SCI-TECH | Pandemic spending measures harm biodiversity, expert says
Government recovery spending continues to harm biodiversity, even as scientists show the importance of halting the loss of nature to prevent future pandemics.
OTTAWA, CANADA — Government recovery spending continues to harm biodiversity, even as scientists show the importance of halting the loss of nature to prevent future pandemics, according to the Convention on Biological Diversity (CBD) on Tuesday.
COVID-19 pandemic highlights the urgency of addressing biodiversity crisis with the climate crisis, and the need for transformative change, said the global body in charge of protecting the variety of life on Earth.
Many opportunities help build back better by integrating biodiversity in economic stimulus and recovery programs, but currently spending potentially harmful to biodiversity outweighs the volume of spending beneficial to biodiversity, it said.
“The links between pandemic risk and biodiversity add further weight to the rationale for addressing the drivers of biodiversity loss to prevent or reduce risk of future pandemics,” said CBD Executive Secretary Elizabeth Maruma Mrema.
“We are standing at a crossroads. The way we steer our recovery out of this pandemic will either lock us into a business as a usual unsustainable path or will enable our societies to rebuild our relationship with nature and unlock its potential, ” she said.
The links between pandemic risk and biodiversity show the need for an inclusive, transdisciplinary and cross-sectoral One Health approach, as identified in the Fifth Edition of the Global Biodiversity Outlook 5, released in September 2020.
Pandemics and other emerging zoonoses cause more than a trillion dollars in economic damages annually, with COVID-19 already costing tens of trillions.
Conversely, change and increasing One Health surveillance are estimated to cost one or two orders of magnitude less than the damages pandemics produce. Thus, reducing disease risk through the conservation and sustainable use of biodiversity is highly cost-effective.
Measures implemented by governments aimed at protecting jobs and incomes, and to promote economic stimulus and recovery, are overwhelmingly potentially harmful to biodiversity and outweigh the volume of spending beneficial to biodiversity.

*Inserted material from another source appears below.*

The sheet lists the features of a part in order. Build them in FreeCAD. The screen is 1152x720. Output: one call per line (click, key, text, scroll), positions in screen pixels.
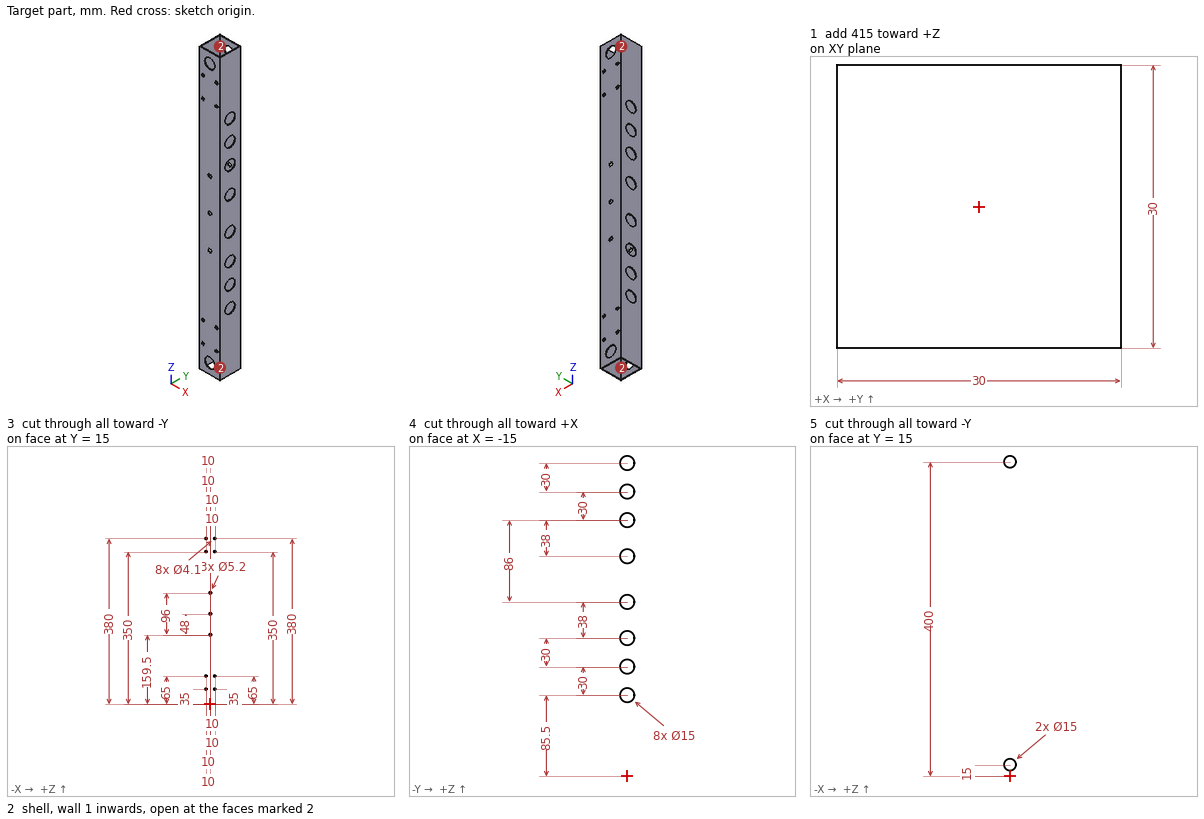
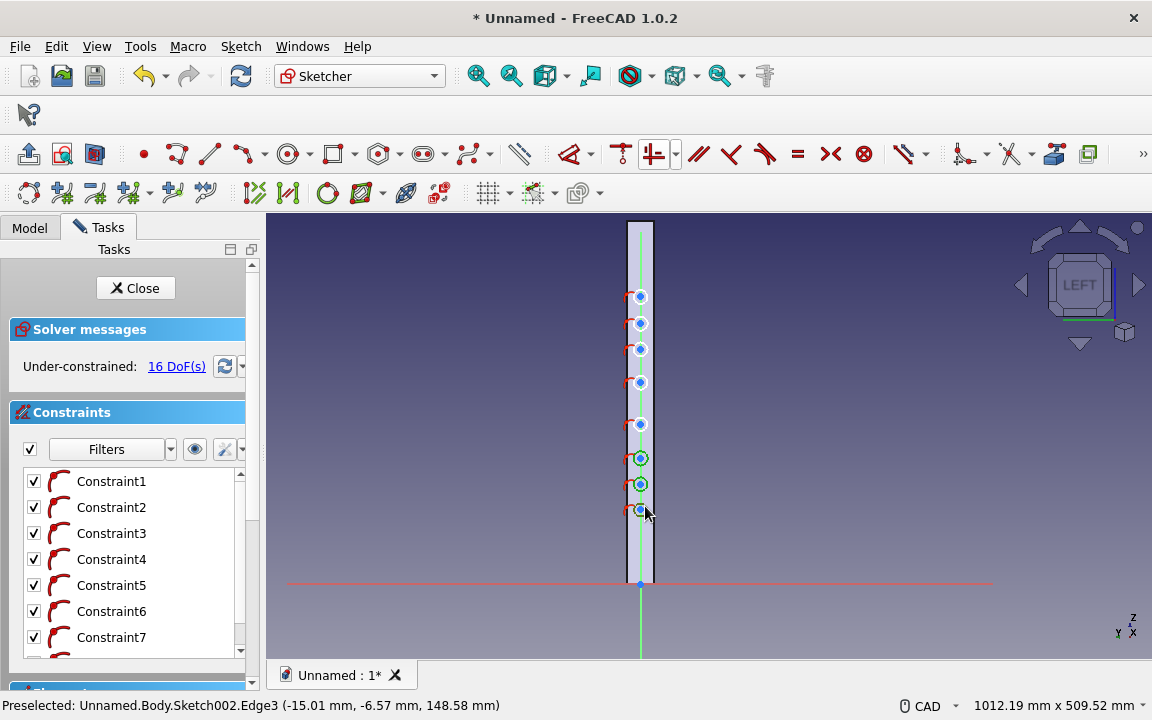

There is an overall tendency to introduce stimulus measures that threaten to drive further biodiversity loss, for example by weakening environmental regulations or increasing harmful subsidies. This is likely to be counterproductive in the long term since the further loss and degradation of biodiversity will likely increase pandemic risk and jeopardize the achievement of most of the Sustainable Development Goals.
“There are many opportunities for responses to COVID-19, including both short-term stimulus measures and longer-term approaches to ‘build back better’ to contribute to sustainable development, and reduce the risk of future pandemics,” said Mrema.